UNITRACE_LIB=${UNITRACE_DIR}/lib64
UNITRACE_BIN=${UNITRACE_DIR}/bin
UNITRACE_EXE=${UNITRACE_BIN}/unitrace
DTAG=$(date +%F_%H%M%S)
UNITRACE_OUTDIR=${WORK_DIR}/logs/unitrace_profiles/name_of_choice_json_n${NNODES}_${DTAG}/${FNAME}_n${NNODES}_${DTAG}
mkdir -p ${UNITRACE_OUTDIR}
UNITRACE_OPTS=" --ccl-summary-report --chrome-mpi-logging --chrome-sycl-logging \
--chrome-device-logging \
--chrome-ccl-logging --chrome-call-logging --chrome-dnn-logging --device-timing --host-timing \
--output-dir-path ${UNITRACE_OUTDIR} --output ${UNITRACE_OUTDIR}/UNITRACE_${FNAME}_n${NNODES}_${DTAG}.txt "  # (2)!

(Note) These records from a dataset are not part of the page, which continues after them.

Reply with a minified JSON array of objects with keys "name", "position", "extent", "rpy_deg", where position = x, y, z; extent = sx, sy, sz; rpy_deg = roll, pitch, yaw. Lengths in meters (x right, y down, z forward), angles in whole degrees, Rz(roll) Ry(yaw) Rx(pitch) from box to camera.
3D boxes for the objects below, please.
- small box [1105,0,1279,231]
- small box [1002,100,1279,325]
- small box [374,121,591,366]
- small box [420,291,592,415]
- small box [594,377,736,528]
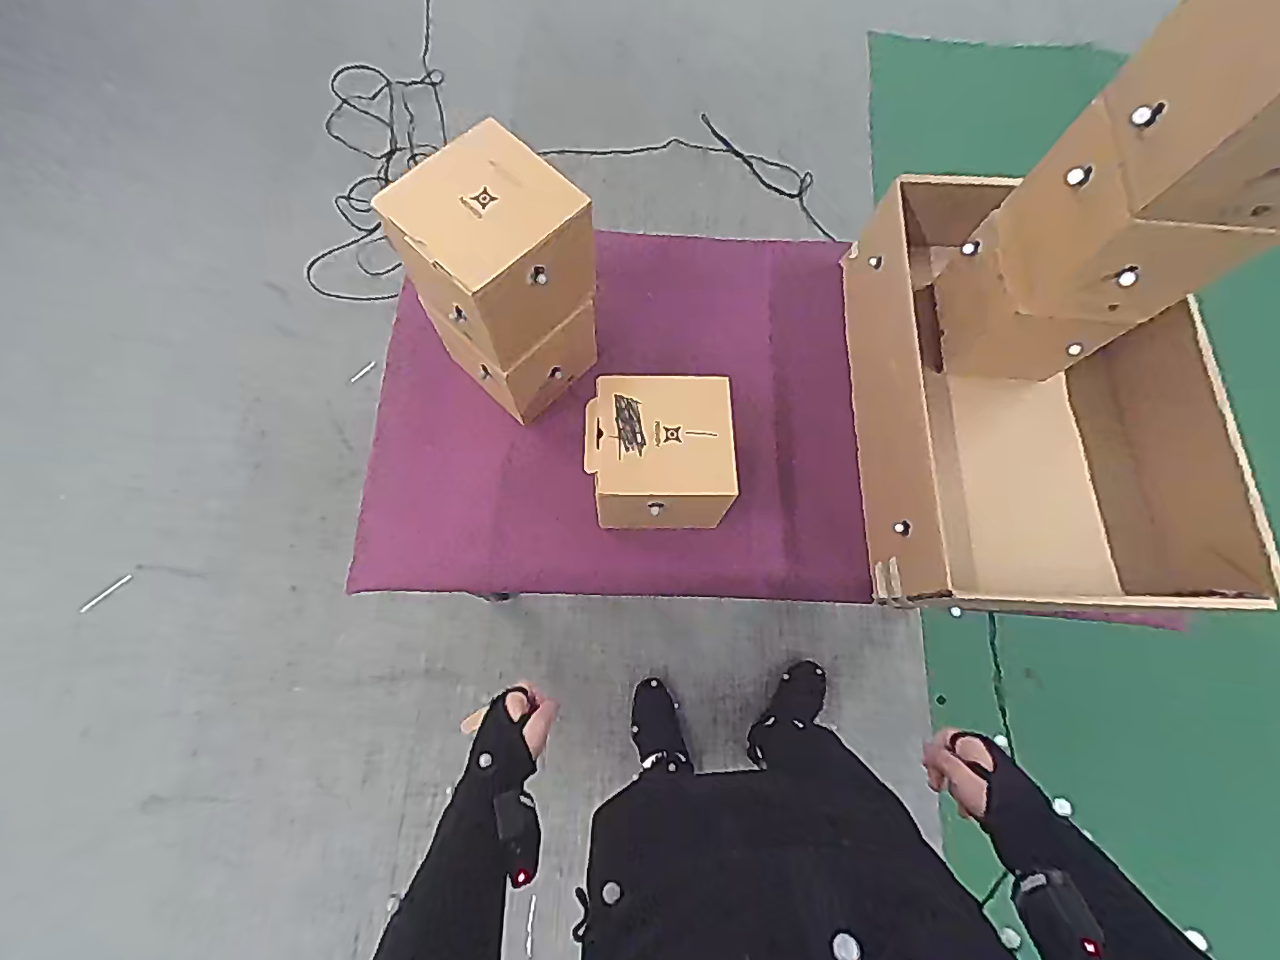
[{"name":"small box","position":[0.576,-0.353,0.486],"extent":[0.168,0.176,0.179],"rpy_deg":[4,74,0]},{"name":"small box","position":[0.571,-0.305,0.643],"extent":[0.168,0.176,0.179],"rpy_deg":[4,73,0]},{"name":"small box","position":[-0.171,-0.273,0.656],"extent":[0.168,0.176,0.179],"rpy_deg":[43,75,9]},{"name":"small box","position":[-0.185,-0.220,0.810],"extent":[0.179,0.176,0.168],"rpy_deg":[43,75,10]},{"name":"small box","position":[0.028,-0.030,0.757],"extent":[0.179,0.176,0.168],"rpy_deg":[0,71,-3]}]

export LD_LIBRARY_PATH=${UNITRACE_LIB}:${UNITRACE_BIN}:$LD_LIBRARY_PATH

# Use $PMIX_RANK for MPICH and $SLURM_PROCID with srun.
PROFRANK=0 # (3)!
RANKCUTOFF=48 # (4)!

if [[ $PALS_LOCAL_RANKID -eq $PROFRANK ]] && [[ $PMIX_RANK -lt $RANKCUTOFF ]]; then
  echo "On rank $PMIX_RANK, collecting traces "
  $UNITRACE_EXE $UNITRACE_OPTS "$@"
else
  "$@"
fi

UNITRACE_DIR: This is the main unitrace directory, which may change after an update to the programming environment.
UNITRACE_OPTS: These are the options that unitrace uses to trace data at different levels. Based on the number of options, the sizes of the output profiles will vary. Usually, enabling more options leads to a larger profile (in terms of storage in MB).
PROFRANK: As implemented, this variable is set by the user to trace the rank of choice. For example, this wrapper will trace rank 0 on each node.
RANKCUTOFF: This variable is Aurora-specific. As we can run as many as 12 ranks per node (without using CCS), the first 4 nodes of a job will have 48 ranks running. This provides the upper cutoff of the label (in number) of ranks, beyond which unitrace will not trace any rank. A user can change the number according to the number of maximum ranks running per node to set up how many ranks to be traced. unitrace will produce a profile (json file, by default) per traced rank. This profile can be viewed using the Perfetto trace viewer.

Deployment¶

The wrapper above can be deployed using the following PBS job script:

job_script.sh
#!/bin/bash -x
#PBS -l select=4
#PBS -l place=scatter
#PBS -l walltime=00:10:00
#PBS -q debug-scaling
#PBS -l filesystems=<fs1:fs2>
#PBS -A <ProjectName>

WORK_DIR=/path/to/the/Python/program
UNITRACE_WRAPPER=${WORK_DIR}/unitrace_wrapper.sh

# MPI and OpenMP settings
NNODES=`wc -l < $PBS_NODEFILE`
NRANKS_PER_NODE=12

let NRANKS=${NNODES}*${NRANKS_PER_NODE}

module load frameworks/2024.2.1_u1

mpiexec --pmi=pmix -n ${NRANKS} -ppn ${NRANKS_PER_NODE} -l --line-buffer \
${UNITRACE_WRAPPER} python ${WORK_DIR}/application.py